● The problem: Go line by line through the records and tally those that include "bounding". Respond with the tally only.

● Data for the task:
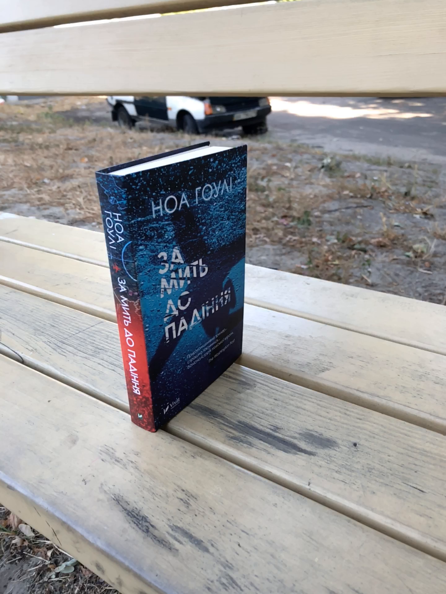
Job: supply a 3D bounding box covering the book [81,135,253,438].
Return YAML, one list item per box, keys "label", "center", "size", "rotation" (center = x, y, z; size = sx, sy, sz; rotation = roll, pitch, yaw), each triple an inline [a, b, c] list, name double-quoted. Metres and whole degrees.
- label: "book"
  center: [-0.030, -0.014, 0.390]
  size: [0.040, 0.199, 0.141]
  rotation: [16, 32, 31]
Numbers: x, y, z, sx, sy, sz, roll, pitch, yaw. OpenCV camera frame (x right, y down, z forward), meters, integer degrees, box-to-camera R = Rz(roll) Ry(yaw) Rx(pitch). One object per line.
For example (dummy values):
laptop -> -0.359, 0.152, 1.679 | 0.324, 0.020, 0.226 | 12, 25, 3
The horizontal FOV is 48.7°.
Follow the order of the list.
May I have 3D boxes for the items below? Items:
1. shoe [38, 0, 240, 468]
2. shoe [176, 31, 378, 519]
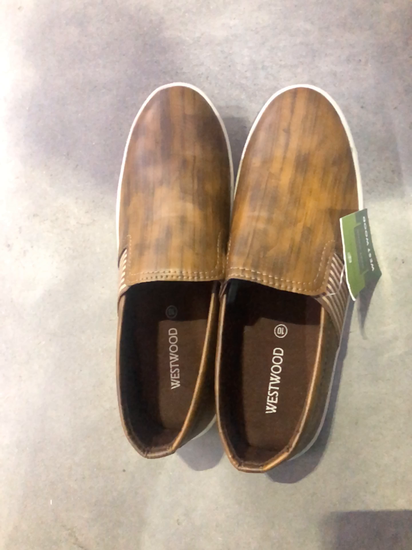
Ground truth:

---

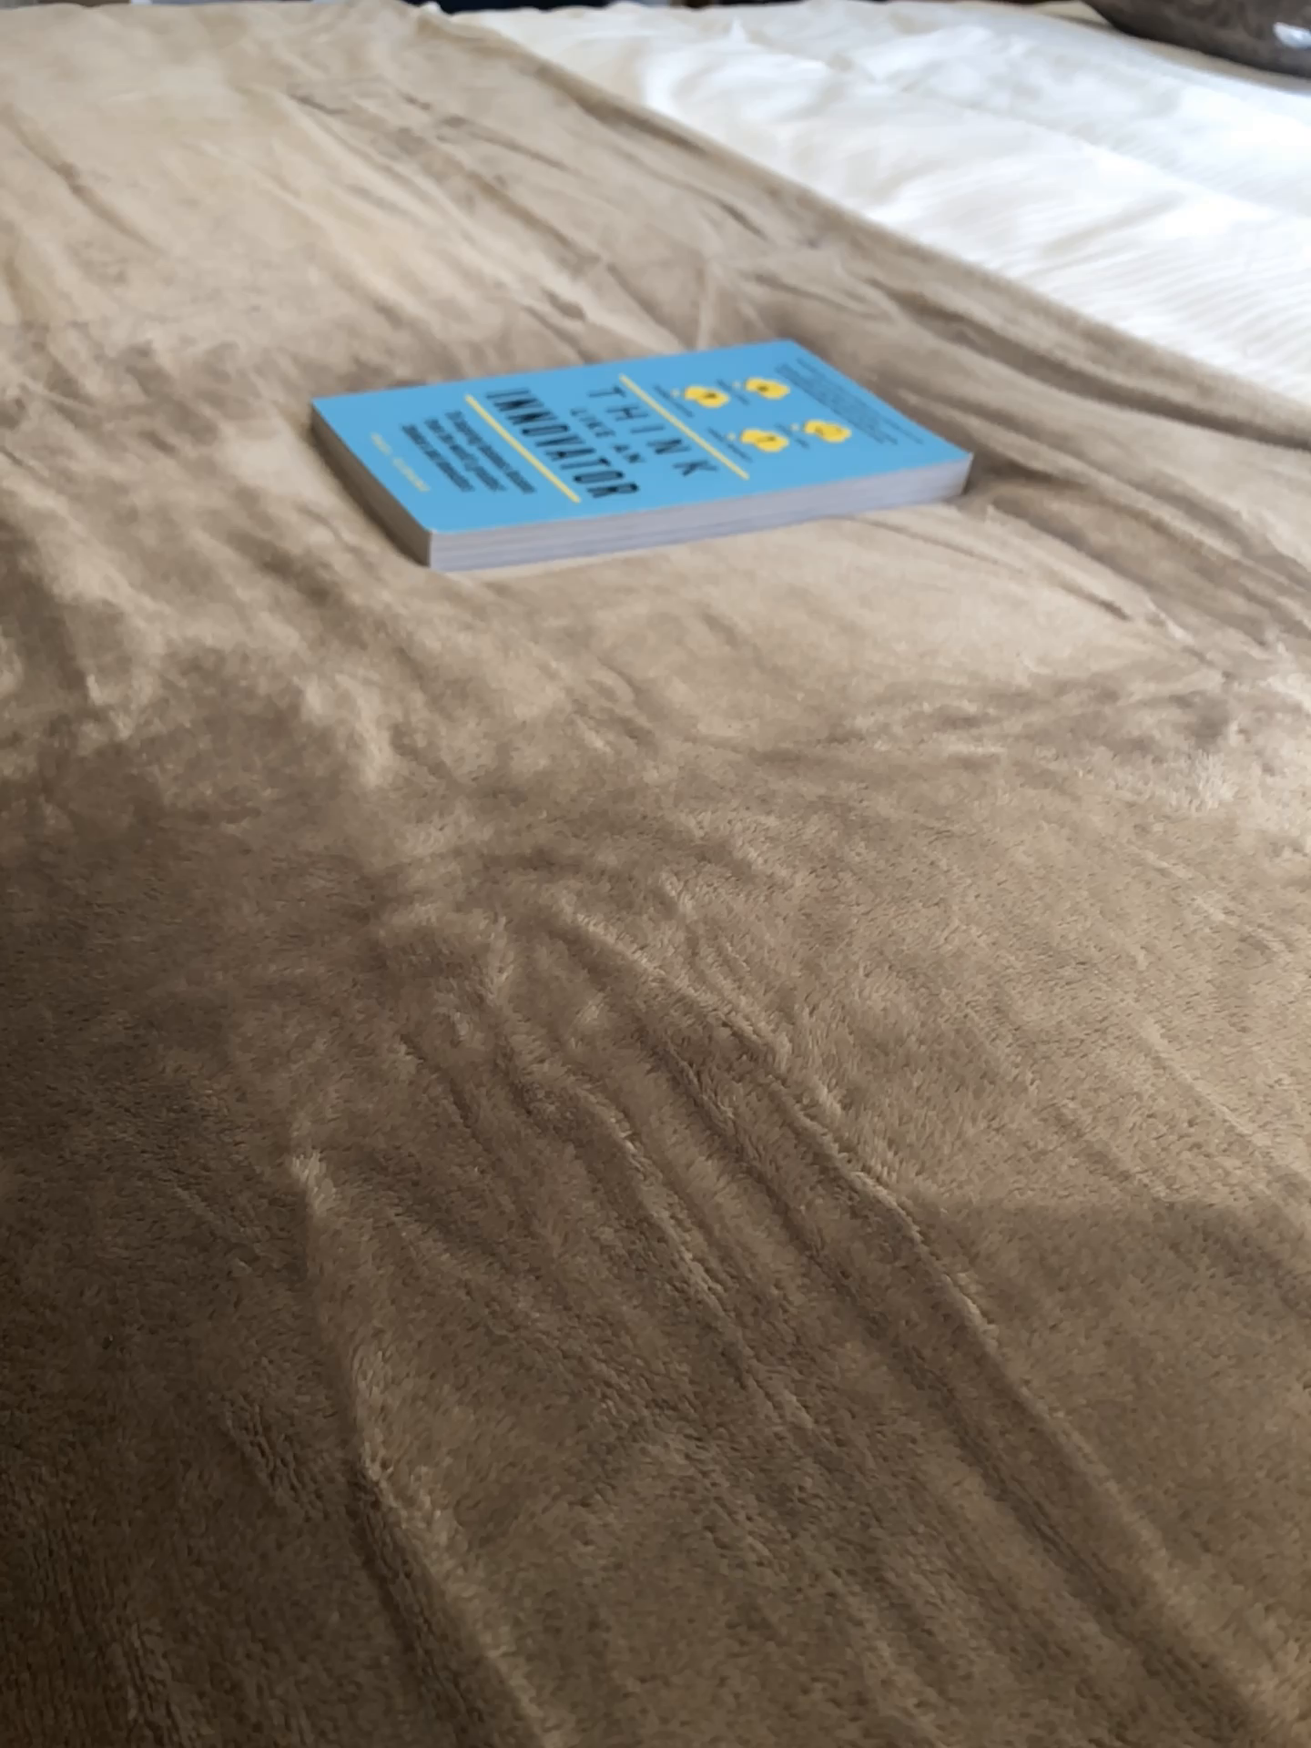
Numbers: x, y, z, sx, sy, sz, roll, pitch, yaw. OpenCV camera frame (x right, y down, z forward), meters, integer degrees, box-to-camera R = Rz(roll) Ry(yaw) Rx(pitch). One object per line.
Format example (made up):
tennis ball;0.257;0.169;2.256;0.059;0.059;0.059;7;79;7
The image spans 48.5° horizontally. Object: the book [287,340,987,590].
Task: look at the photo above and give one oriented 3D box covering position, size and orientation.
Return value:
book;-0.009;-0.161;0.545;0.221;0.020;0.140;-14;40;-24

--

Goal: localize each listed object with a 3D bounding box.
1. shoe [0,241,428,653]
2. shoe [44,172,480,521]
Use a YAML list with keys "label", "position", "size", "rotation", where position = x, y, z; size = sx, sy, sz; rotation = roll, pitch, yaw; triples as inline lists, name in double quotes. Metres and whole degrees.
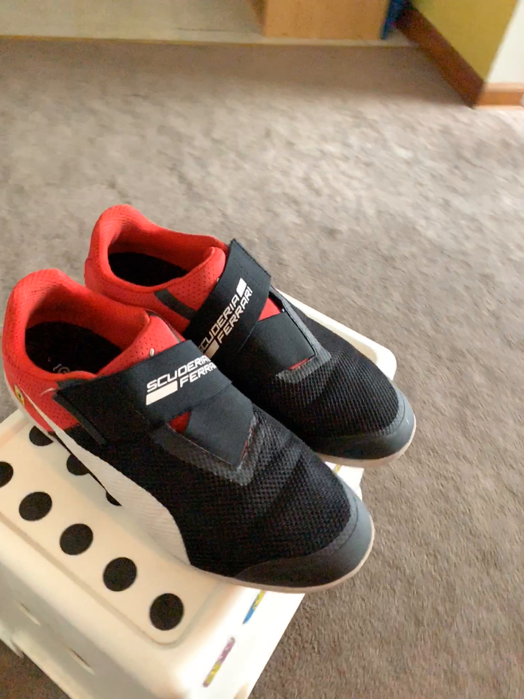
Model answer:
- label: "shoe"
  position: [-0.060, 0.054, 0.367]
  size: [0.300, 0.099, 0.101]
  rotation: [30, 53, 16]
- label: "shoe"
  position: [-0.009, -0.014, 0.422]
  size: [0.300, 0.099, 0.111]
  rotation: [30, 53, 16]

● Result of this task: 2